• The problem
Your task is to repeat the lines below exactly, excluding any pictures they contain.

(Raw data Opens)

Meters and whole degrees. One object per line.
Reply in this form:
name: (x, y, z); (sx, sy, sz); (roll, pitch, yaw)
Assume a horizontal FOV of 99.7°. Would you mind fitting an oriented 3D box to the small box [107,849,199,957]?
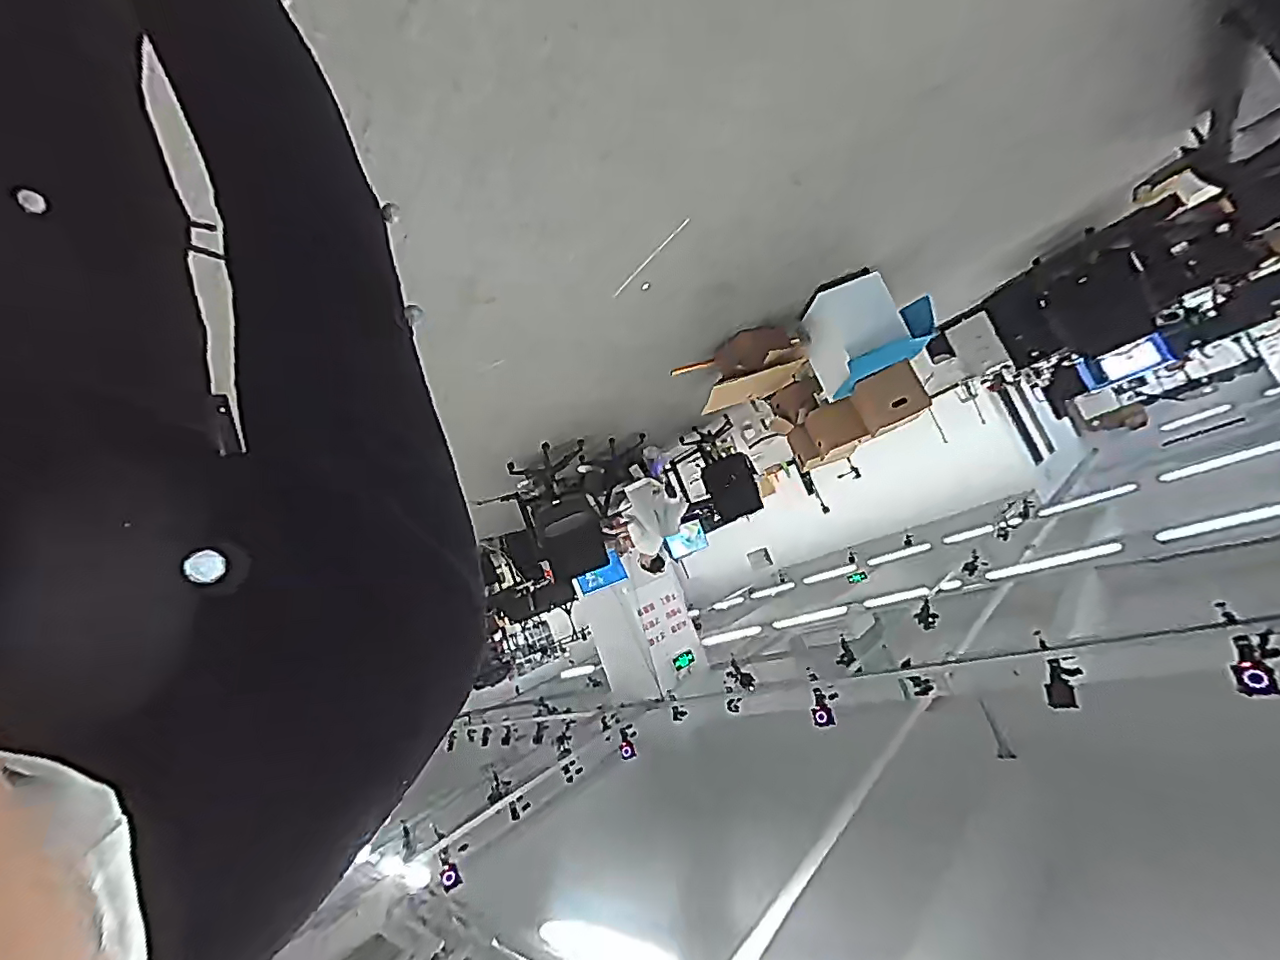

(Raw data Closes)

• Exercise answer
Meters and whole degrees. One object per line.
Reply in this form:
name: (x, y, z); (sx, sy, sz); (roll, pitch, yaw)
Assume a horizontal FOV of 99.7°. Would you mind fitting an oriented 3D box to the small box [107,849,199,957]?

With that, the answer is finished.